5 – L’USFP : vers une opposition active et structurée
Sous la conduite de Driss Lachguar, l’USFP s’attèle à conjuguer les attentes sociales à une stratégie politique crédible. En apposant sa signature à la demande de commission d’enquête, tout en soulignant les failles de cohésion de l’opposition, le parti affiche un positionnement lucide et résolument combatif.
L’USFP œuvre également à bâtir des passerelles avec les syndicats et les acteurs de la société civile, renouant ainsi avec son rôle d’opposant constructif dans un paysage politique trop souvent figé.
6 – Médias et opinion publique : les grands absents du contrôle parlementaire
Les médias publics, peu enclins à couvrir sérieusement les débats parlementaires, laissent un vide médiatique que les réseaux sociaux tentent de combler. La mobilisation numérique autour du prix des moutons en constitue une illustration frappante, révélatrice d’une exigence populaire de transparence.
Dans ce contexte, l’opposition se doit de réinventer sa communication politique. Elle gagnerait à exploiter les dynamiques du numérique pour relayer ses combats, expliquer ses positions, et retisser un lien de confiance avec les citoyens.
7 – Une crise structurelle avant d’être procédurale
La crise actuelle de l’opposition dépasse les contraintes techniques ou procédurales. Elle est d’abord structurelle, culturelle et stratégique. Elle tient à l’absence de vision commune, au manque de courage collectif et à l’incapacité de dépasser les logiques partisanes. Les citoyens attendent une opposition agissante, non de simples porte-voix institutionnels.
Trois scénarios peuvent se dessiner :
• Une montée en tension politique par le biais d’une motion de censure portée par un front élargi, comme l’a évoqué l’USFP en mars 2024.
• Une réforme de la Constitution, notamment de l’article 67, pour faciliter la mise en place de commissions d’enquête.
• Le maintien du statu quo, synonyme d’un fossé démocratique toujours plus profond entre institutions et citoyens.

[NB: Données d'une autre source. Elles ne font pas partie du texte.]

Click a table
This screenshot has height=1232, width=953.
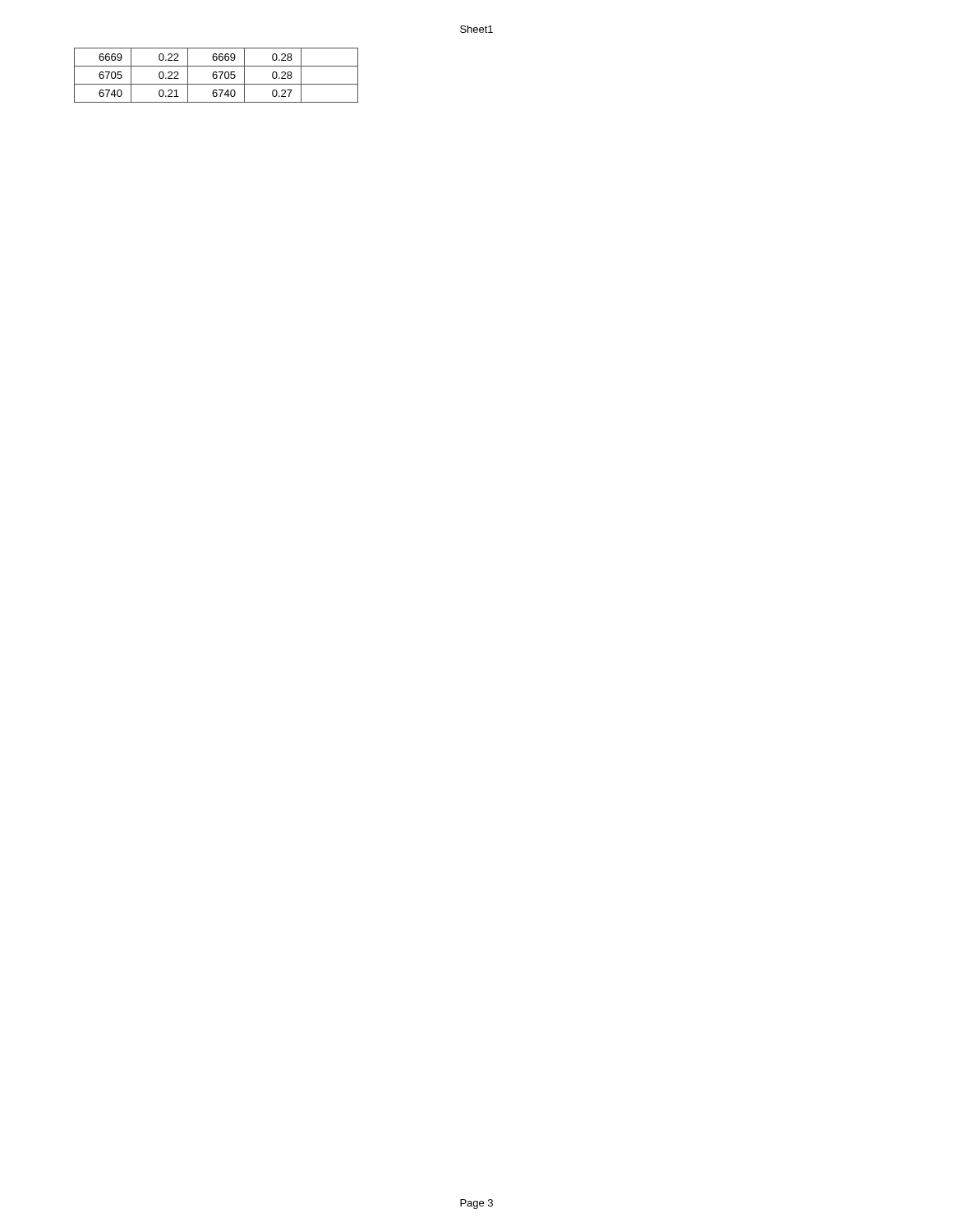point(216,75)

8 – Pour une opposition efficace : les jalons d’une feuille de route
Pour retrouver sa légitimité, l’opposition doit s’engager dans une démarche proactive et concertée :
• Rédiger une déclaration commune d’engagements inter partisans, comme celle en cours d’élaboration à l’issue du débat organisé par HEM Casablanca avec les chefs des partis de l’opposition.
• Mettre en place des commissions d’experts internes pour formuler des propositions concrètes et réalistes.

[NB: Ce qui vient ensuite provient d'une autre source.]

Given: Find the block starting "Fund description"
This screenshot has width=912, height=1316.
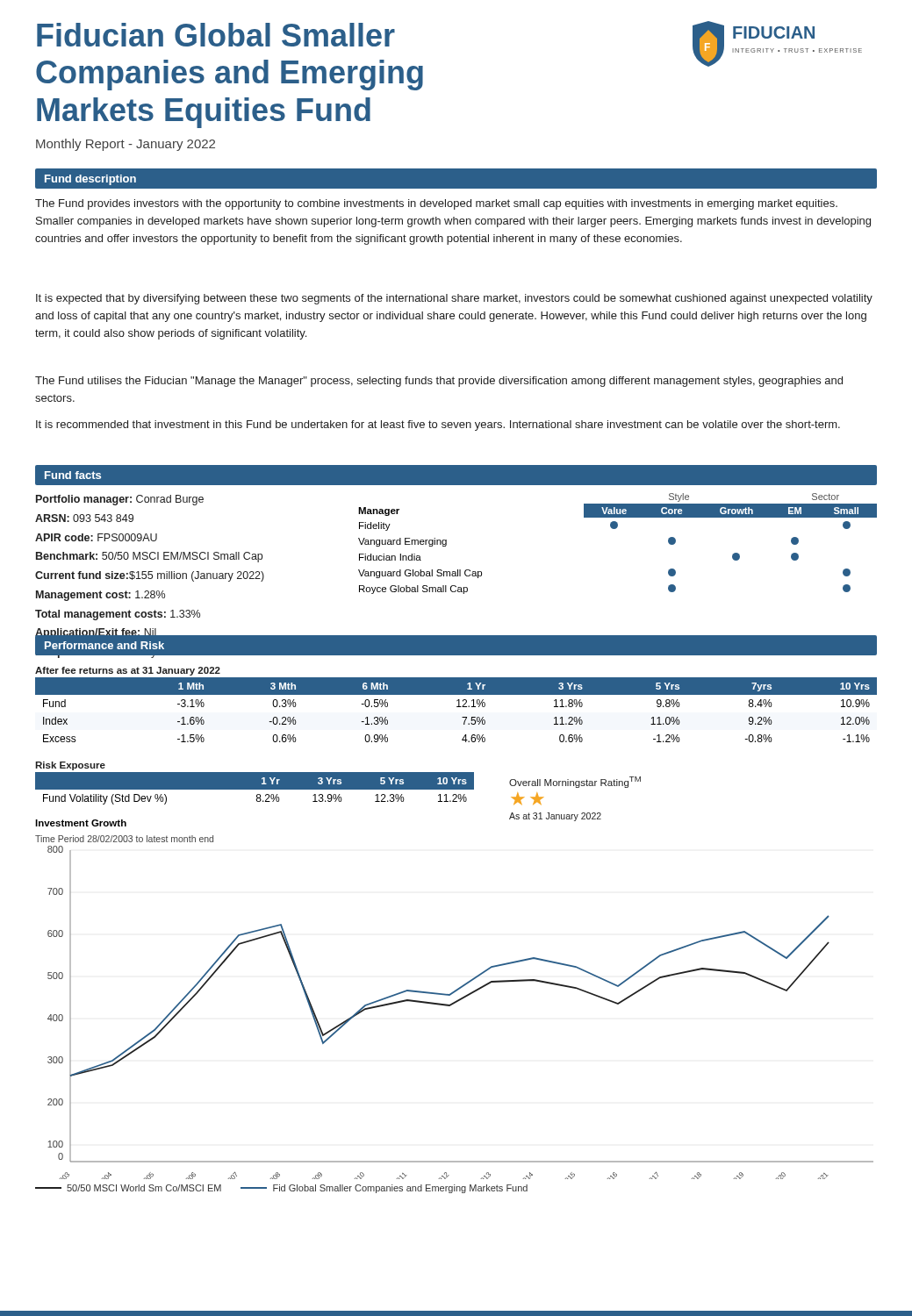Looking at the screenshot, I should pyautogui.click(x=456, y=179).

• Organiser des forums citoyens à l’échelle régionale afin d’identifier les priorités politiques en lien avec les attentes du terrain.
• Déployer une stratégie numérique ambitieuse, avec des contenus clairs, engageants, pédagogiques et en temps réel.

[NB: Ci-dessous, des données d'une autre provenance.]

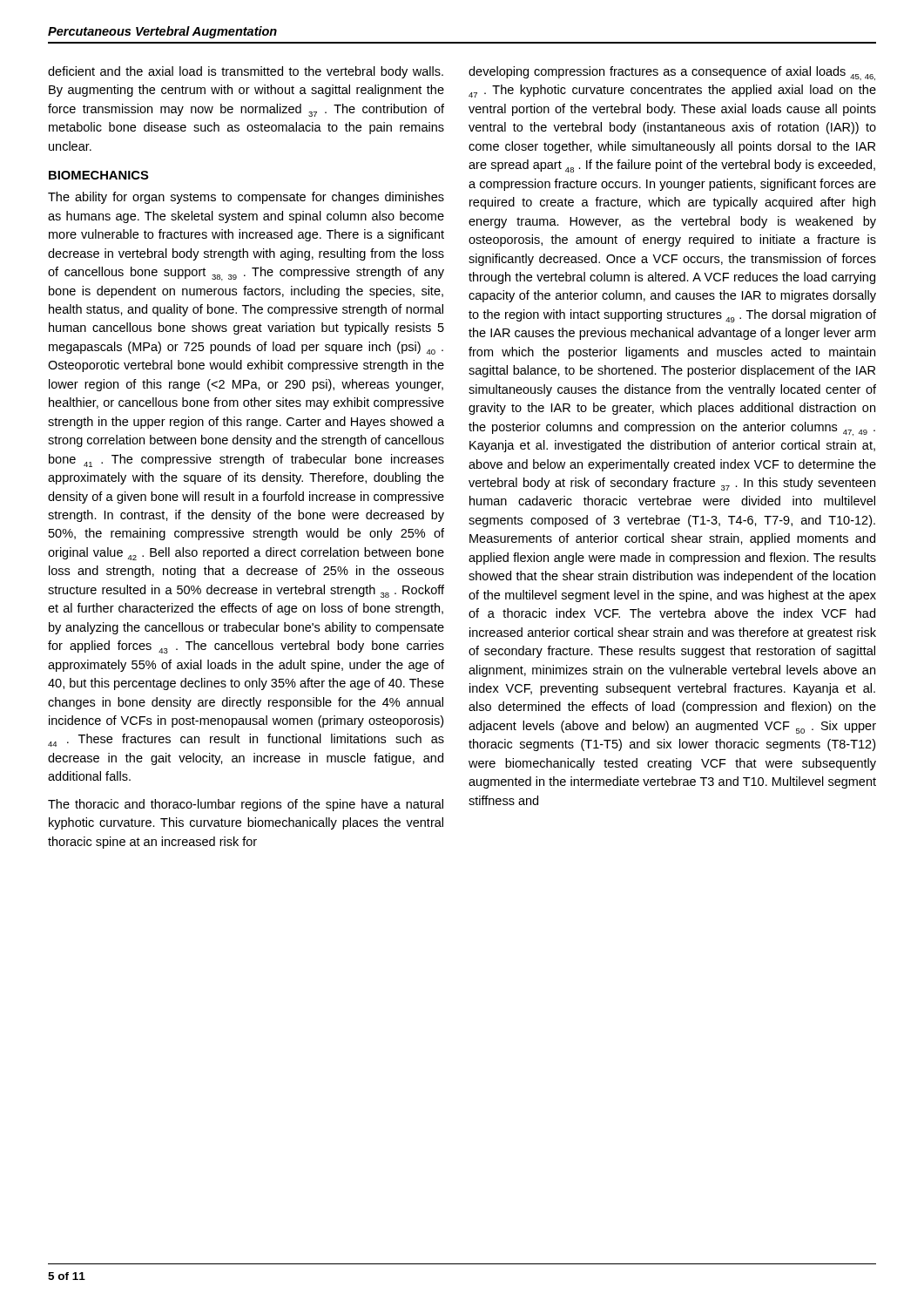
Task: Locate the block of text that opens with "The ability for"
Action: (246, 488)

9 – Une épreuve éthique autant que politique
L’opposition marocaine est aujourd’hui face à un moment de vérité : assumer son rôle ou s’enfermer dans une inertie coupable. La motion de censure, désormais à portée de main, représente bien plus qu’un simple outil de contestation : elle peut devenir le catalyseur d’un sursaut démocratique nécessaire.
Comme l’a si justement formulé Driss Lachguar : « Une opposition sincère ne redoute pas l’échec, elle redoute le silence. » Cette parole remet au cœur du débat la notion de devoir démocratique : la motion de censure n’est pas une arme de destruction, mais un instrument de clarification, un test de cohésion pour la majorité, et une opportunité de réhabiliter le débat politique.
L’opposition dispose aujourd’hui d’une chance historique de redevenir une force d’alternance crédible. Il lui revient de dépasser les querelles d’appareil, de saisir la dynamique portée par l’USFP et de faire enfin entendre la voix que la Constitution lui reconnaît.
Par Mohamed Assouali
Membre de la commission nationale d’arbitrage et d’éthique de l’USFP.